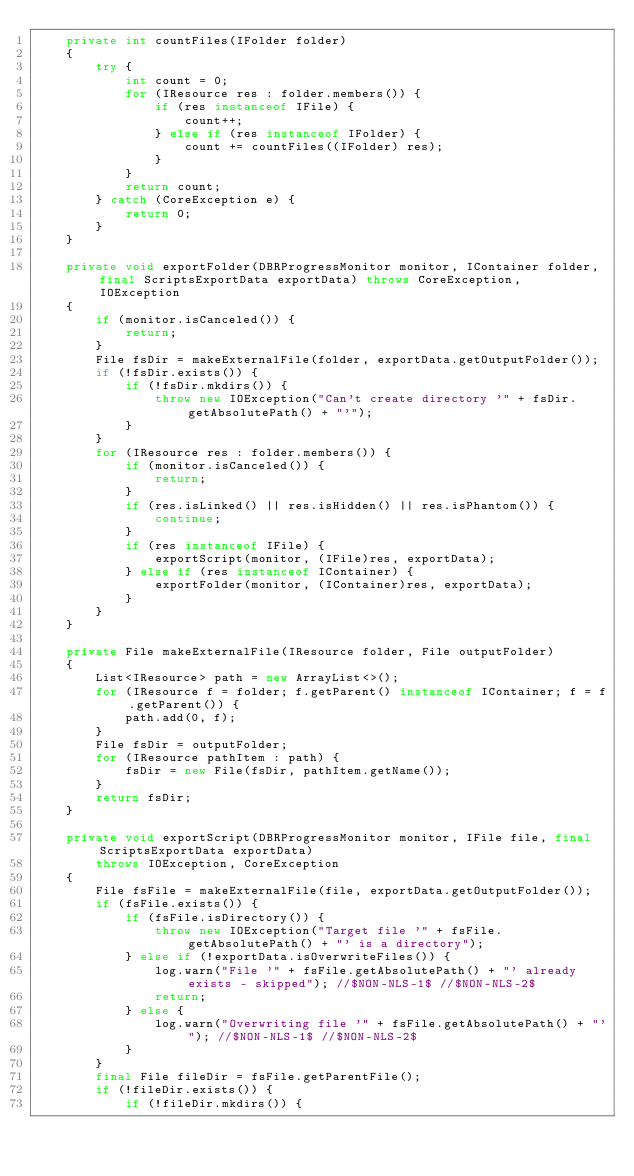Convert code to text. <code><loc_0><loc_0><loc_500><loc_500><_Java_>    private int countFiles(IFolder folder)
    {
        try {
            int count = 0;
            for (IResource res : folder.members()) {
                if (res instanceof IFile) {
                    count++;
                } else if (res instanceof IFolder) {
                    count += countFiles((IFolder) res);
                }
            }
            return count;
        } catch (CoreException e) {
            return 0;
        }
    }

    private void exportFolder(DBRProgressMonitor monitor, IContainer folder, final ScriptsExportData exportData) throws CoreException, IOException
    {
        if (monitor.isCanceled()) {
            return;
        }
        File fsDir = makeExternalFile(folder, exportData.getOutputFolder());
        if (!fsDir.exists()) {
            if (!fsDir.mkdirs()) {
                throw new IOException("Can't create directory '" + fsDir.getAbsolutePath() + "'");
            }
        }
        for (IResource res : folder.members()) {
            if (monitor.isCanceled()) {
                return;
            }
            if (res.isLinked() || res.isHidden() || res.isPhantom()) {
                continue;
            }
            if (res instanceof IFile) {
                exportScript(monitor, (IFile)res, exportData);
            } else if (res instanceof IContainer) {
                exportFolder(monitor, (IContainer)res, exportData);
            }
        }
    }

    private File makeExternalFile(IResource folder, File outputFolder)
    {
        List<IResource> path = new ArrayList<>();
        for (IResource f = folder; f.getParent() instanceof IContainer; f = f.getParent()) {
            path.add(0, f);
        }
        File fsDir = outputFolder;
        for (IResource pathItem : path) {
            fsDir = new File(fsDir, pathItem.getName());
        }
        return fsDir;
    }

    private void exportScript(DBRProgressMonitor monitor, IFile file, final ScriptsExportData exportData)
        throws IOException, CoreException
    {
        File fsFile = makeExternalFile(file, exportData.getOutputFolder());
        if (fsFile.exists()) {
            if (fsFile.isDirectory()) {
                throw new IOException("Target file '" + fsFile.getAbsolutePath() + "' is a directory");
            } else if (!exportData.isOverwriteFiles()) {
                log.warn("File '" + fsFile.getAbsolutePath() + "' already exists - skipped"); //$NON-NLS-1$ //$NON-NLS-2$
                return;
            } else {
                log.warn("Overwriting file '" + fsFile.getAbsolutePath() + "'"); //$NON-NLS-1$ //$NON-NLS-2$
            }
        }
        final File fileDir = fsFile.getParentFile();
        if (!fileDir.exists()) {
            if (!fileDir.mkdirs()) {</code> 
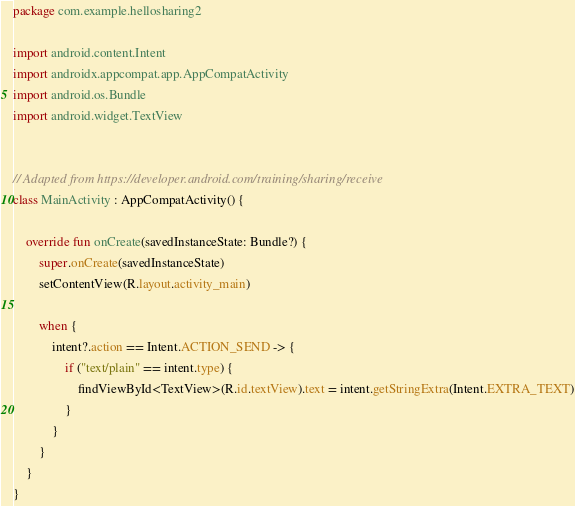<code> <loc_0><loc_0><loc_500><loc_500><_Kotlin_>package com.example.hellosharing2

import android.content.Intent
import androidx.appcompat.app.AppCompatActivity
import android.os.Bundle
import android.widget.TextView


// Adapted from https://developer.android.com/training/sharing/receive
class MainActivity : AppCompatActivity() {

    override fun onCreate(savedInstanceState: Bundle?) {
        super.onCreate(savedInstanceState)
        setContentView(R.layout.activity_main)

        when {
            intent?.action == Intent.ACTION_SEND -> {
                if ("text/plain" == intent.type) {
                    findViewById<TextView>(R.id.textView).text = intent.getStringExtra(Intent.EXTRA_TEXT)
                }
            }
        }
    }
}
</code> 
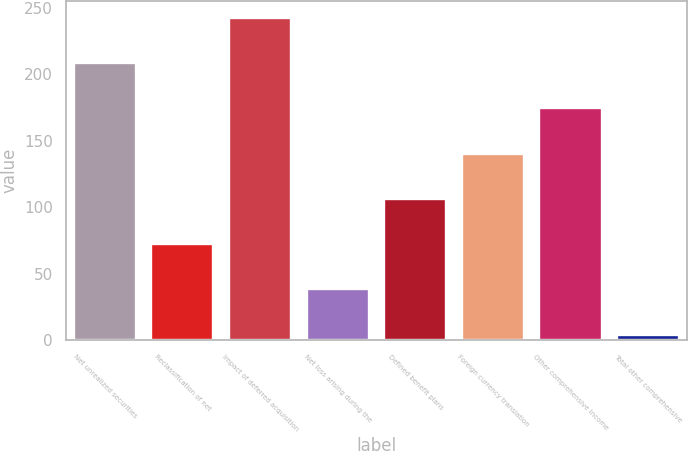Convert chart. <chart><loc_0><loc_0><loc_500><loc_500><bar_chart><fcel>Net unrealized securities<fcel>Reclassification of net<fcel>Impact of deferred acquisition<fcel>Net loss arising during the<fcel>Defined benefit plans<fcel>Foreign currency translation<fcel>Other comprehensive income<fcel>Total other comprehensive<nl><fcel>208.6<fcel>72.2<fcel>242.7<fcel>38.1<fcel>106.3<fcel>140.4<fcel>174.5<fcel>4<nl></chart>

◇ ◇ ◇ ◇ ◇ ◇ ◇

Work required —
An exact copy of the entries above, with no pictures, is the required answer.

Written solution —
Convert code to text. <code><loc_0><loc_0><loc_500><loc_500><_Java_>    private int countFiles(IFolder folder)
    {
        try {
            int count = 0;
            for (IResource res : folder.members()) {
                if (res instanceof IFile) {
                    count++;
                } else if (res instanceof IFolder) {
                    count += countFiles((IFolder) res);
                }
            }
            return count;
        } catch (CoreException e) {
            return 0;
        }
    }

    private void exportFolder(DBRProgressMonitor monitor, IContainer folder, final ScriptsExportData exportData) throws CoreException, IOException
    {
        if (monitor.isCanceled()) {
            return;
        }
        File fsDir = makeExternalFile(folder, exportData.getOutputFolder());
        if (!fsDir.exists()) {
            if (!fsDir.mkdirs()) {
                throw new IOException("Can't create directory '" + fsDir.getAbsolutePath() + "'");
            }
        }
        for (IResource res : folder.members()) {
            if (monitor.isCanceled()) {
                return;
            }
            if (res.isLinked() || res.isHidden() || res.isPhantom()) {
                continue;
            }
            if (res instanceof IFile) {
                exportScript(monitor, (IFile)res, exportData);
            } else if (res instanceof IContainer) {
                exportFolder(monitor, (IContainer)res, exportData);
            }
        }
    }

    private File makeExternalFile(IResource folder, File outputFolder)
    {
        List<IResource> path = new ArrayList<>();
        for (IResource f = folder; f.getParent() instanceof IContainer; f = f.getParent()) {
            path.add(0, f);
        }
        File fsDir = outputFolder;
        for (IResource pathItem : path) {
            fsDir = new File(fsDir, pathItem.getName());
        }
        return fsDir;
    }

    private void exportScript(DBRProgressMonitor monitor, IFile file, final ScriptsExportData exportData)
        throws IOException, CoreException
    {
        File fsFile = makeExternalFile(file, exportData.getOutputFolder());
        if (fsFile.exists()) {
            if (fsFile.isDirectory()) {
                throw new IOException("Target file '" + fsFile.getAbsolutePath() + "' is a directory");
            } else if (!exportData.isOverwriteFiles()) {
                log.warn("File '" + fsFile.getAbsolutePath() + "' already exists - skipped"); //$NON-NLS-1$ //$NON-NLS-2$
                return;
            } else {
                log.warn("Overwriting file '" + fsFile.getAbsolutePath() + "'"); //$NON-NLS-1$ //$NON-NLS-2$
            }
        }
        final File fileDir = fsFile.getParentFile();
        if (!fileDir.exists()) {
            if (!fileDir.mkdirs()) {</code> 
<code> <loc_0><loc_0><loc_500><loc_500><_Kotlin_>package com.example.hellosharing2

import android.content.Intent
import androidx.appcompat.app.AppCompatActivity
import android.os.Bundle
import android.widget.TextView


// Adapted from https://developer.android.com/training/sharing/receive
class MainActivity : AppCompatActivity() {

    override fun onCreate(savedInstanceState: Bundle?) {
        super.onCreate(savedInstanceState)
        setContentView(R.layout.activity_main)

        when {
            intent?.action == Intent.ACTION_SEND -> {
                if ("text/plain" == intent.type) {
                    findViewById<TextView>(R.id.textView).text = intent.getStringExtra(Intent.EXTRA_TEXT)
                }
            }
        }
    }
}
</code> 
Convert chart. <chart><loc_0><loc_0><loc_500><loc_500><bar_chart><fcel>Net unrealized securities<fcel>Reclassification of net<fcel>Impact of deferred acquisition<fcel>Net loss arising during the<fcel>Defined benefit plans<fcel>Foreign currency translation<fcel>Other comprehensive income<fcel>Total other comprehensive<nl><fcel>208.6<fcel>72.2<fcel>242.7<fcel>38.1<fcel>106.3<fcel>140.4<fcel>174.5<fcel>4<nl></chart>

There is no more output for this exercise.